Der chinesische Olympiakritiker

Seit Mai hat Hu Jia bereits in Peking unter Hausarrest gestanden. Weil im Internetzeitalter aber mutigen chinesischen Dissidenten damit nicht der Kontakt mit der Außenwelt genommen ist, lassen sie sich auch nicht mehr so einfach den Mund verbieten. Der 34-jährige Hu nahm sogar am 27. November per Webcam an einer Anhörung des Europaparlaments teil. Dabei bezeichnete er die für August 2008 in Peking geplanten Olympischen Spiele als „Desaster für die Menschenrechte“ und kritisierte, dass hohe Staatssicherheitsbeamte die Spiele mitorganisierten.

Es ist unklar, ob es genau diese Äußerungen waren, die am vergangenen Donnerstag zur Festnahme Hus führten, die erst am Samstag bekannt wurde. Offiziell wurde „Anstiftung zur Untergrabung der Staatsgewalt“ genannt. Tatsache ist, dass Hus Fall wieder den Blick auf die Menschenrechte in China wirft und seine Aussage zu den Olympischen Spielen nur bestätigt, sollte seine Kritik an dem Ereignis mit seiner Festnahme zusammenhängen.

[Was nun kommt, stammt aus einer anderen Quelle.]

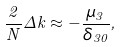<formula> <loc_0><loc_0><loc_500><loc_500>\frac { 2 } { N } \Delta k \approx - \frac { \mu _ { 3 } } { \delta _ { 3 0 } } ,</formula> 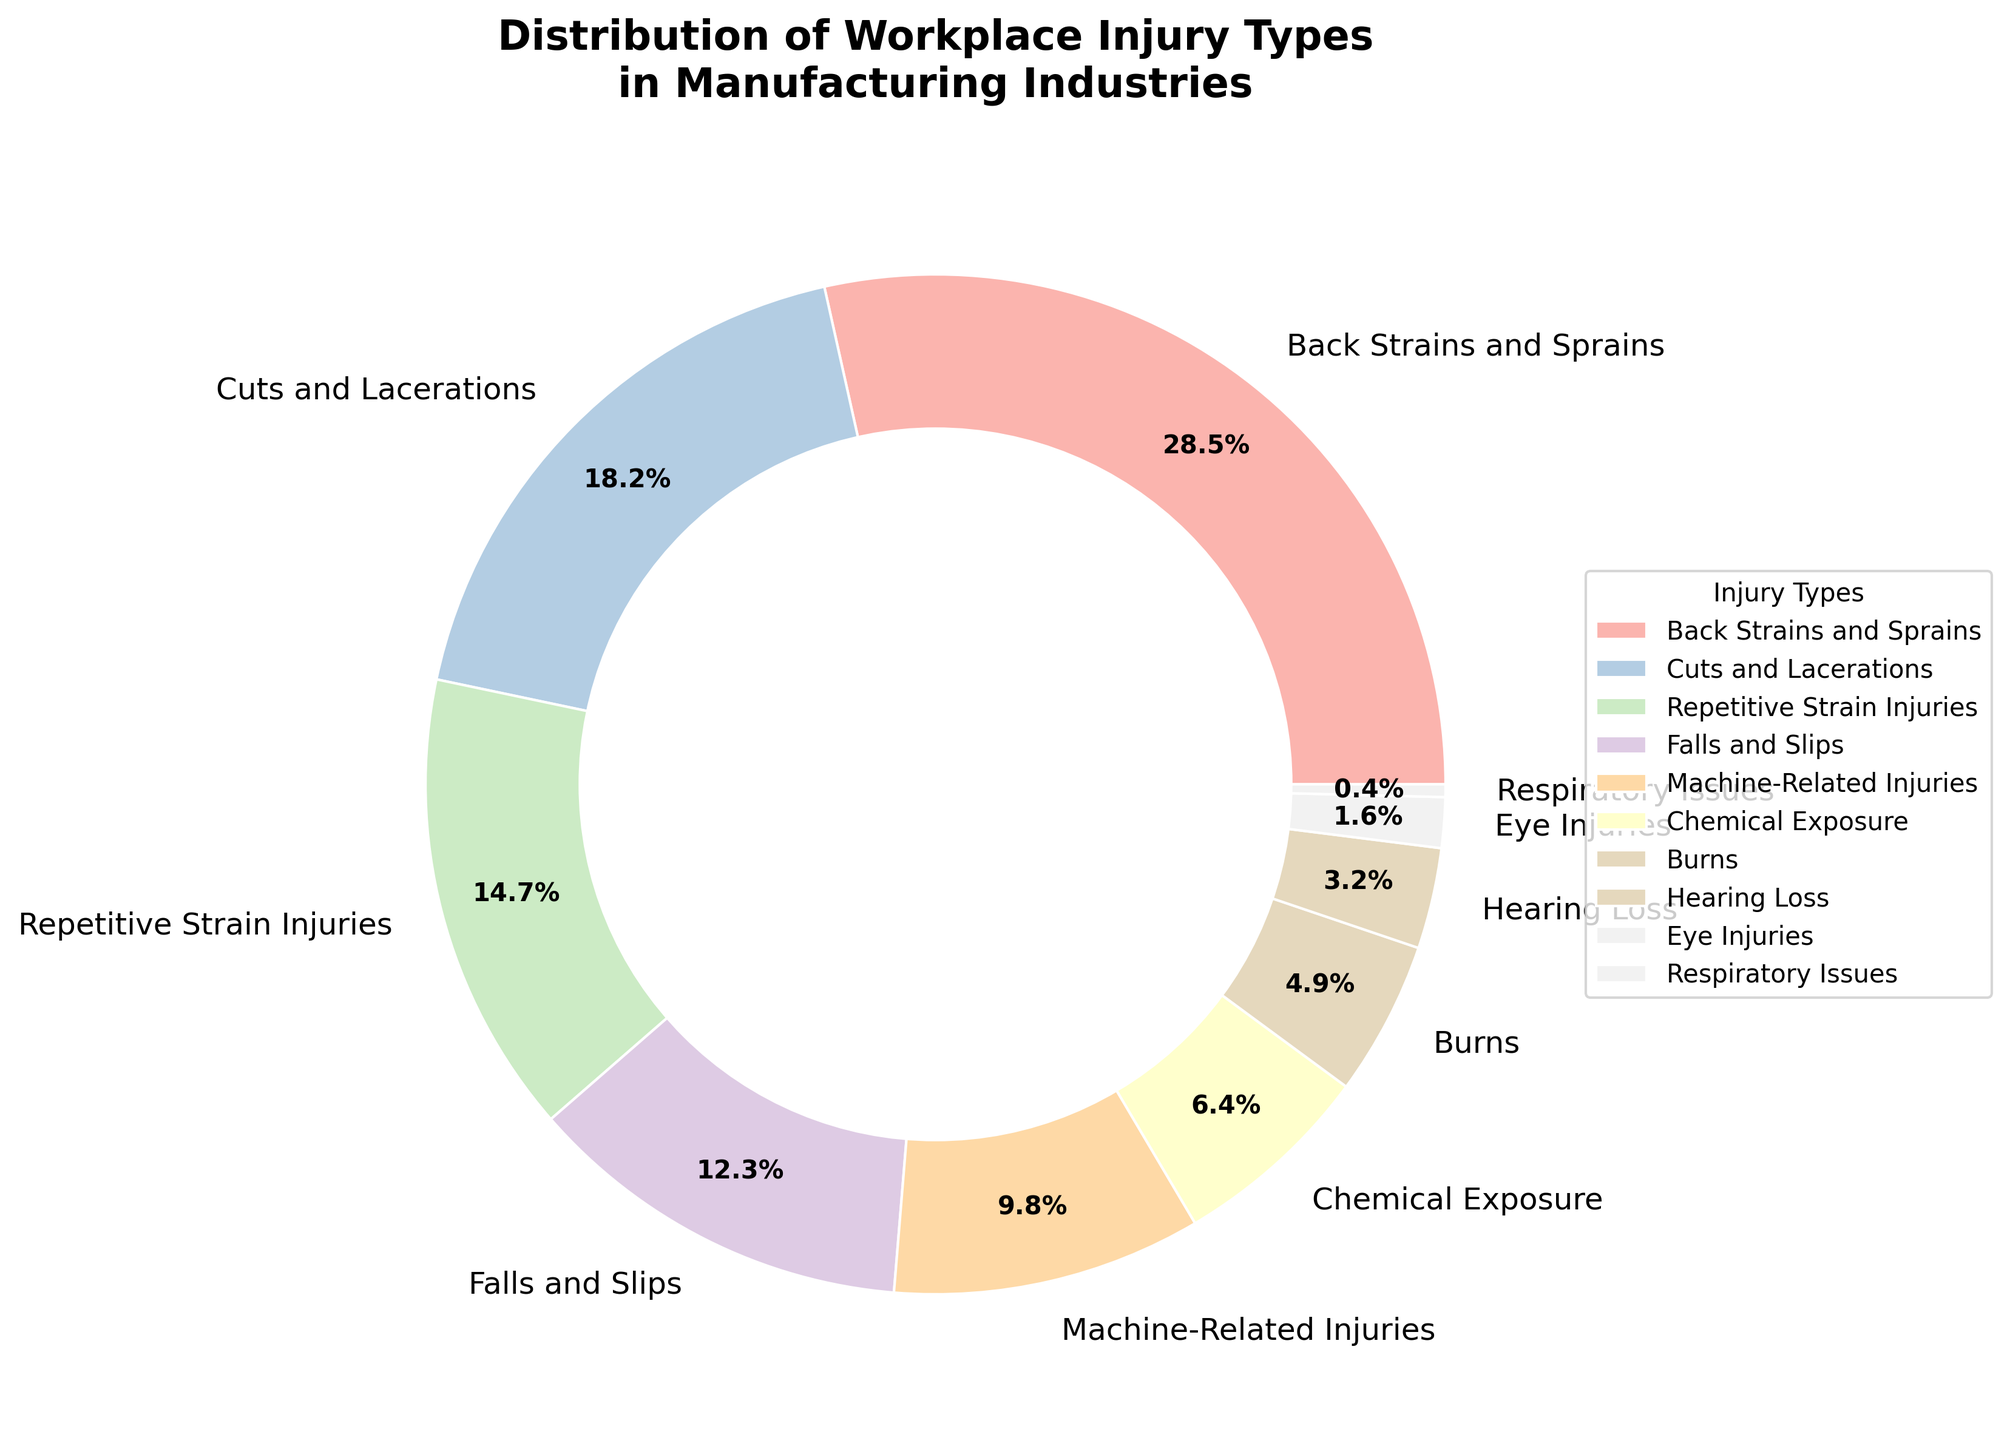Which injury type is the most common? The pie chart shows the percentage distribution of various workplace injuries in the manufacturing industry. The largest slice represents the most common injury type.
Answer: Back Strains and Sprains By what percentage are Cuts and Lacerations more common than Eye Injuries? To find this, subtract the percentage of Eye Injuries from the percentage of Cuts and Lacerations (18.2% - 1.6%).
Answer: 16.6% What is the combined percentage of Falls and Slips and Machine-Related Injuries? Sum the percentages of Falls and Slips (12.3%) and Machine-Related Injuries (9.8%).
Answer: 22.1% Are Chemical Exposure injuries more common than Burns? Compare the percentages of Chemical Exposure (6.4%) and Burns (4.9%).
Answer: Yes What proportion of the pie chart is occupied by the three least common injury types? Sum the percentages of the three least common injury types: Respiratory Issues (0.4%), Eye Injuries (1.6%), and Hearing Loss (3.2%) (0.4% + 1.6% + 3.2%).
Answer: 5.2% Is Repetitive Strain Injuries more frequent than Hearing Loss? Compare the percentages of Repetitive Strain Injuries (14.7%) and Hearing Loss (3.2%).
Answer: Yes Which injury category occupies the smallest slice, and what's its percentage? The smallest slice on the pie chart represents Respiratory Issues.
Answer: Respiratory Issues, 0.4% What is the difference in percentage between Back Strains and Sprains and Machine-Related Injuries? Subtract the percentage of Machine-Related Injuries (9.8%) from the percentage of Back Strains and Sprains (28.5%) (28.5% - 9.8%).
Answer: 18.7% If Machine-Related Injuries and Repetitive Strain Injuries are combined, what percentage of the total do they form? Sum the percentages of Machine-Related Injuries (9.8%) and Repetitive Strain Injuries (14.7%) (9.8% + 14.7%).
Answer: 24.5% Which injury type has a slightly lower percentage than Repetitive Strain Injuries? The pie chart shows Injuries sorted by percentage. The injury type just below Repetitive Strain Injuries (14.7%) is Falls and Slips (12.3%).
Answer: Falls and Slips 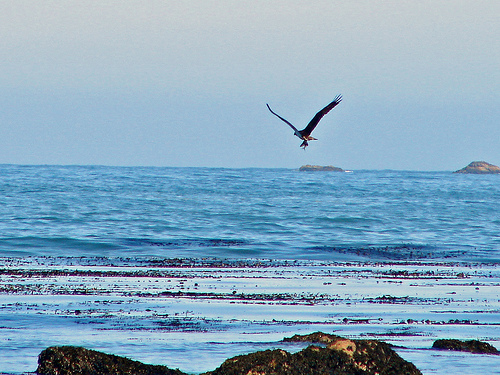<image>
Can you confirm if the bird is on the ocean? No. The bird is not positioned on the ocean. They may be near each other, but the bird is not supported by or resting on top of the ocean. Is there a bird on the water? No. The bird is not positioned on the water. They may be near each other, but the bird is not supported by or resting on top of the water. Where is the bird in relation to the water? Is it above the water? Yes. The bird is positioned above the water in the vertical space, higher up in the scene. 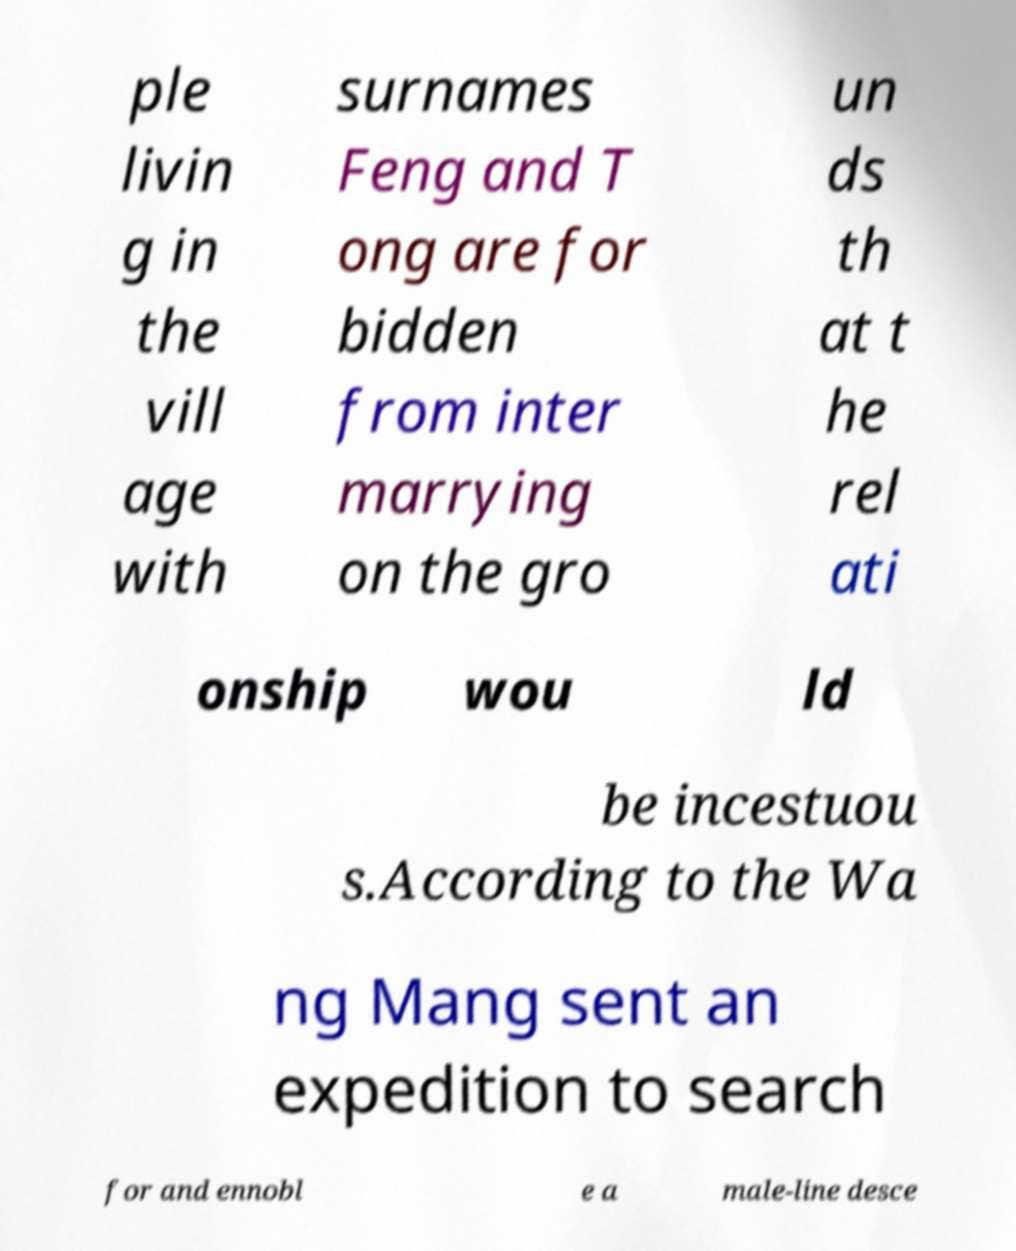Could you assist in decoding the text presented in this image and type it out clearly? ple livin g in the vill age with surnames Feng and T ong are for bidden from inter marrying on the gro un ds th at t he rel ati onship wou ld be incestuou s.According to the Wa ng Mang sent an expedition to search for and ennobl e a male-line desce 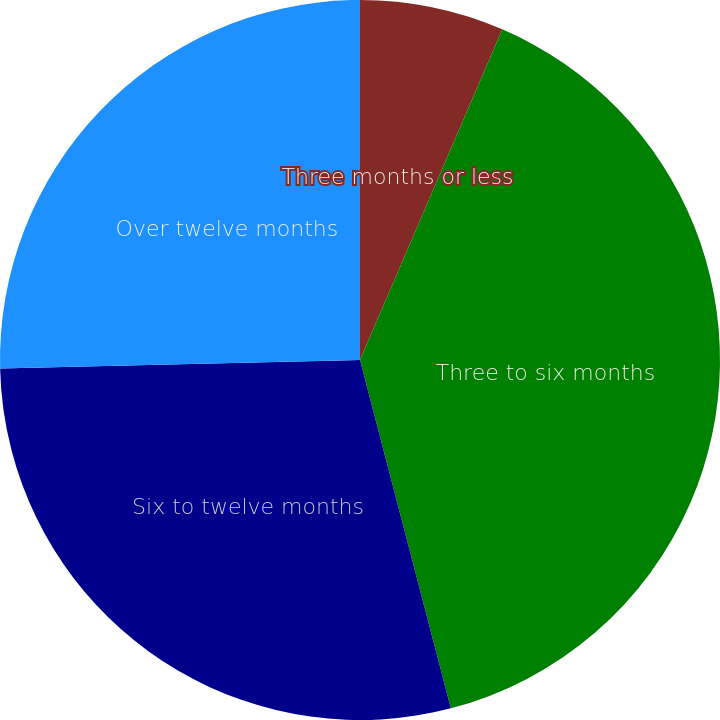<chart> <loc_0><loc_0><loc_500><loc_500><pie_chart><fcel>Three months or less<fcel>Three to six months<fcel>Six to twelve months<fcel>Over twelve months<nl><fcel>6.47%<fcel>39.47%<fcel>28.68%<fcel>25.38%<nl></chart> 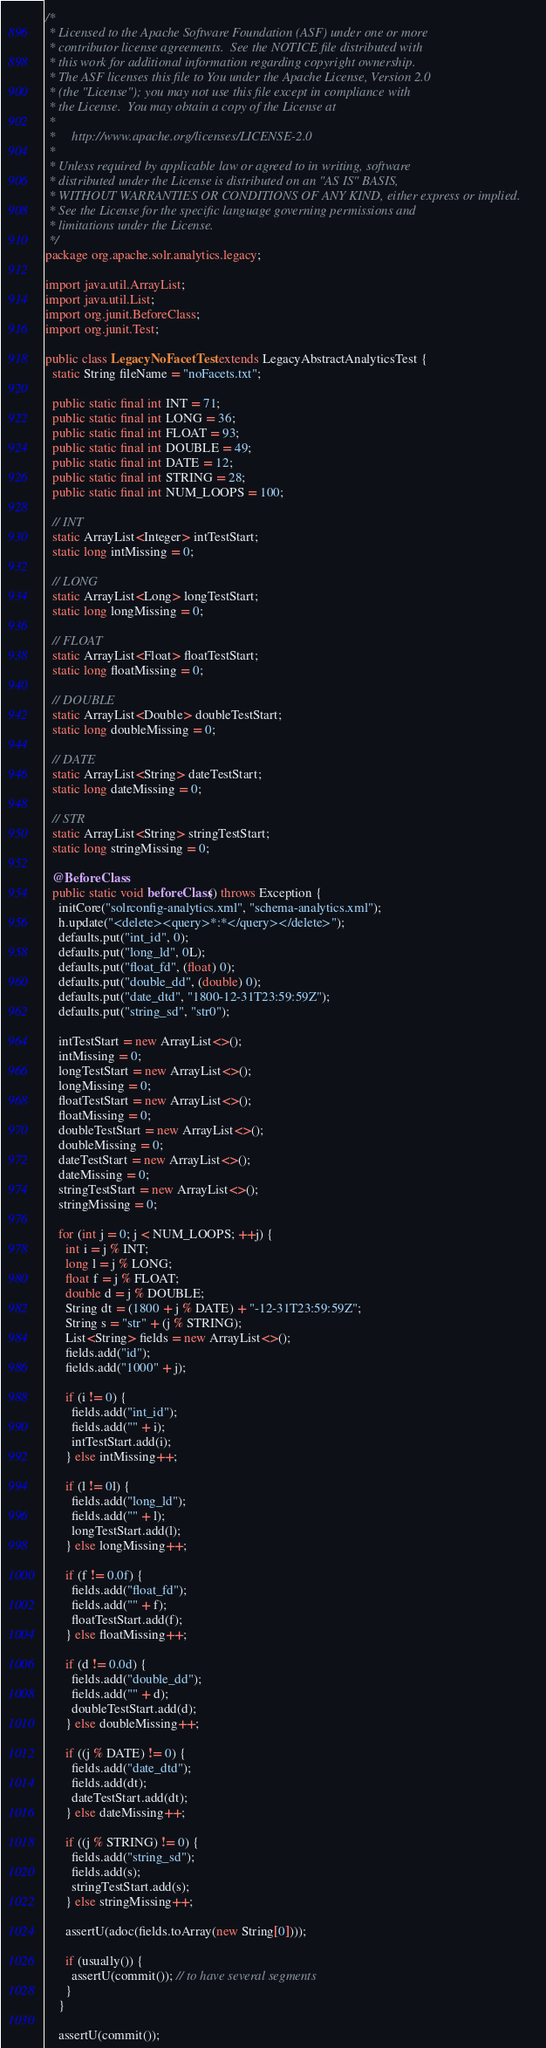Convert code to text. <code><loc_0><loc_0><loc_500><loc_500><_Java_>/*
 * Licensed to the Apache Software Foundation (ASF) under one or more
 * contributor license agreements.  See the NOTICE file distributed with
 * this work for additional information regarding copyright ownership.
 * The ASF licenses this file to You under the Apache License, Version 2.0
 * (the "License"); you may not use this file except in compliance with
 * the License.  You may obtain a copy of the License at
 *
 *     http://www.apache.org/licenses/LICENSE-2.0
 *
 * Unless required by applicable law or agreed to in writing, software
 * distributed under the License is distributed on an "AS IS" BASIS,
 * WITHOUT WARRANTIES OR CONDITIONS OF ANY KIND, either express or implied.
 * See the License for the specific language governing permissions and
 * limitations under the License.
 */
package org.apache.solr.analytics.legacy;

import java.util.ArrayList;
import java.util.List;
import org.junit.BeforeClass;
import org.junit.Test;

public class LegacyNoFacetTest extends LegacyAbstractAnalyticsTest {
  static String fileName = "noFacets.txt";

  public static final int INT = 71;
  public static final int LONG = 36;
  public static final int FLOAT = 93;
  public static final int DOUBLE = 49;
  public static final int DATE = 12;
  public static final int STRING = 28;
  public static final int NUM_LOOPS = 100;

  // INT
  static ArrayList<Integer> intTestStart;
  static long intMissing = 0;

  // LONG
  static ArrayList<Long> longTestStart;
  static long longMissing = 0;

  // FLOAT
  static ArrayList<Float> floatTestStart;
  static long floatMissing = 0;

  // DOUBLE
  static ArrayList<Double> doubleTestStart;
  static long doubleMissing = 0;

  // DATE
  static ArrayList<String> dateTestStart;
  static long dateMissing = 0;

  // STR
  static ArrayList<String> stringTestStart;
  static long stringMissing = 0;

  @BeforeClass
  public static void beforeClass() throws Exception {
    initCore("solrconfig-analytics.xml", "schema-analytics.xml");
    h.update("<delete><query>*:*</query></delete>");
    defaults.put("int_id", 0);
    defaults.put("long_ld", 0L);
    defaults.put("float_fd", (float) 0);
    defaults.put("double_dd", (double) 0);
    defaults.put("date_dtd", "1800-12-31T23:59:59Z");
    defaults.put("string_sd", "str0");

    intTestStart = new ArrayList<>();
    intMissing = 0;
    longTestStart = new ArrayList<>();
    longMissing = 0;
    floatTestStart = new ArrayList<>();
    floatMissing = 0;
    doubleTestStart = new ArrayList<>();
    doubleMissing = 0;
    dateTestStart = new ArrayList<>();
    dateMissing = 0;
    stringTestStart = new ArrayList<>();
    stringMissing = 0;

    for (int j = 0; j < NUM_LOOPS; ++j) {
      int i = j % INT;
      long l = j % LONG;
      float f = j % FLOAT;
      double d = j % DOUBLE;
      String dt = (1800 + j % DATE) + "-12-31T23:59:59Z";
      String s = "str" + (j % STRING);
      List<String> fields = new ArrayList<>();
      fields.add("id");
      fields.add("1000" + j);

      if (i != 0) {
        fields.add("int_id");
        fields.add("" + i);
        intTestStart.add(i);
      } else intMissing++;

      if (l != 0l) {
        fields.add("long_ld");
        fields.add("" + l);
        longTestStart.add(l);
      } else longMissing++;

      if (f != 0.0f) {
        fields.add("float_fd");
        fields.add("" + f);
        floatTestStart.add(f);
      } else floatMissing++;

      if (d != 0.0d) {
        fields.add("double_dd");
        fields.add("" + d);
        doubleTestStart.add(d);
      } else doubleMissing++;

      if ((j % DATE) != 0) {
        fields.add("date_dtd");
        fields.add(dt);
        dateTestStart.add(dt);
      } else dateMissing++;

      if ((j % STRING) != 0) {
        fields.add("string_sd");
        fields.add(s);
        stringTestStart.add(s);
      } else stringMissing++;

      assertU(adoc(fields.toArray(new String[0])));

      if (usually()) {
        assertU(commit()); // to have several segments
      }
    }

    assertU(commit());
</code> 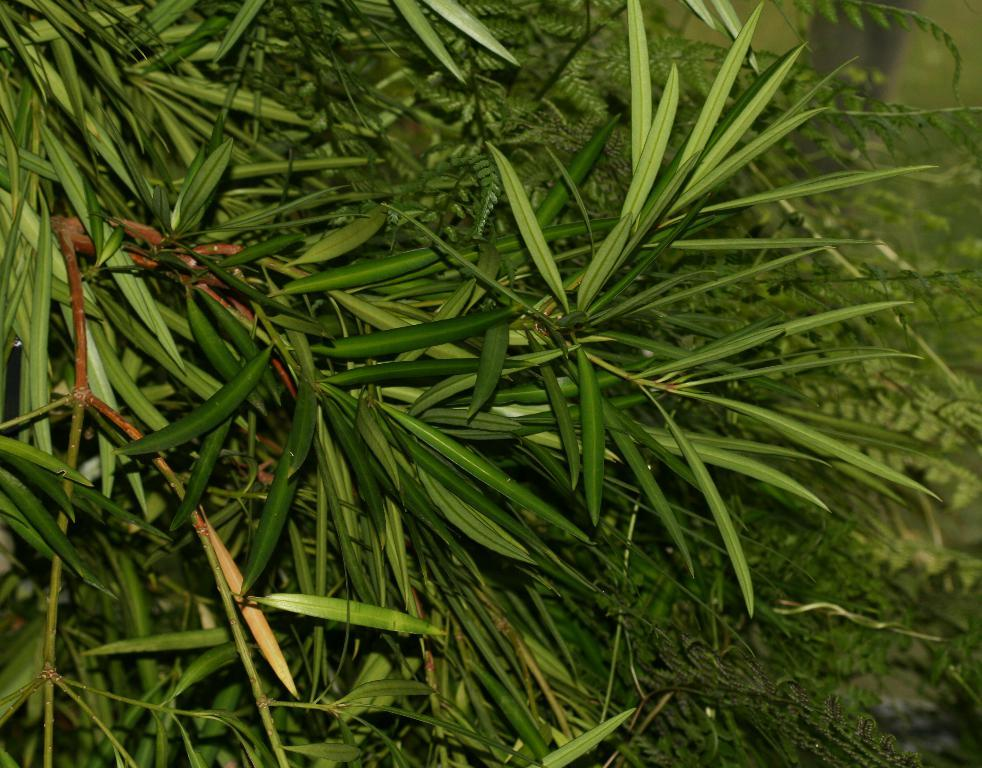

Hu und seine zehn Jahre jüngere Frau, die Bloggerin Zen Jinyan, zählen zur neuen Generation chinesischer Cyberdissidenten, die mutig gesellschaftliche Missstände thematisieren. Hu engagierte sich bereits als Informatikstudent in Umweltorganisationen. Er setzte sich für die Rettung tibetischer Antilopen ein und trat zum tibetischen Buddhismus über. Der deutschen Kanzlerin Angela Merkel hatte er nach eigenen Aussagen für ihr Treffen mit dem Dalai Lama gedankt. Das hatte Berlins Beziehungen zu Peking in eine Krise gestürzt. Seine im November geborene Tochter ließ seine Frau sogar vom Dalai Lama im indischen Exil segnen. Peking sieht im Oberhaupt der Tibeter einen Separatisten.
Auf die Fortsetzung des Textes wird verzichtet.